I do lots of double bevel inlay on my scroll saw. (thousands) I inlay hard maple into eastern red cedar mostly. Each is 3/8" thick. I use a #5 blade. I also inlay other woods like oak, bubinga and walnut. All 3/8" thick. When I use veneer I glue it to another wood to make up 3/8"and inlay it that way.


----------



## Loren (May 30, 2008)

I use single ply cardboard like from beer boxes as a backer. You can buy thicker single ply for scrapbooking but I tried both and it's not necessary. I've just done a little of this so you might want to experiment.

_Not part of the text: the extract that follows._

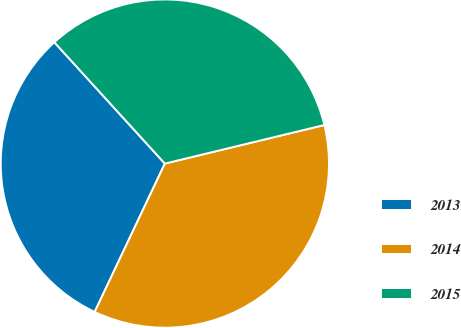Convert chart to OTSL. <chart><loc_0><loc_0><loc_500><loc_500><pie_chart><fcel>2013<fcel>2014<fcel>2015<nl><fcel>31.21%<fcel>35.81%<fcel>32.98%<nl></chart>

You can put masking tape over any trouble areas of your pattern and it will support the top or at the least keep the pieces together.


----------



## leftcoaster (Jan 1, 2016)

> I use single ply cardboard like from beer boxes as a backer. You can buy thicker single ply for scrapbooking but I tried both and it s not necessary. I ve just done a little of this so you might want to experiment.
> 
> You can put masking tape over any trouble areas of your pattern and it will support the top or at the least keep the pieces together.
> 
> - Loren


Tape makes sense. How do you affix the veneer to your cardboard backer? If not at the edge, it seems likely to have the same flapping problem - now flapping on top of the cardboard.


----------



## leftcoaster (Jan 1, 2016)

Anybody able to comment on saw speed?


----------



## Loren (May 30, 2008)

Well, it depends on how big your pieces are. I've just done smaller things with the technique. I bought a bunch of cheep poplar veneer in about 11×14" size on ebay to learn with before wasting expensive veneer. I don't remember exactly what I've done but I had some success doing it more or less like I described.


----------



## shipwright (Sep 27, 2010)

You need 2/0 blades at the most. 
Back your veneer with veneer tape or newsprint/hide glue (which amounts to veneer tape but cheaper) to prevent splintering. 
Work very slowly and support the cut very close to the blade.

…… or build a chevalet and make it easy….

Seriously, there are lots of people doing DB marquetry in thin veneer and lots of books. Do some research online.
Personally I don't do DB and find the chevalet FAAAAAR easier to work with.


----------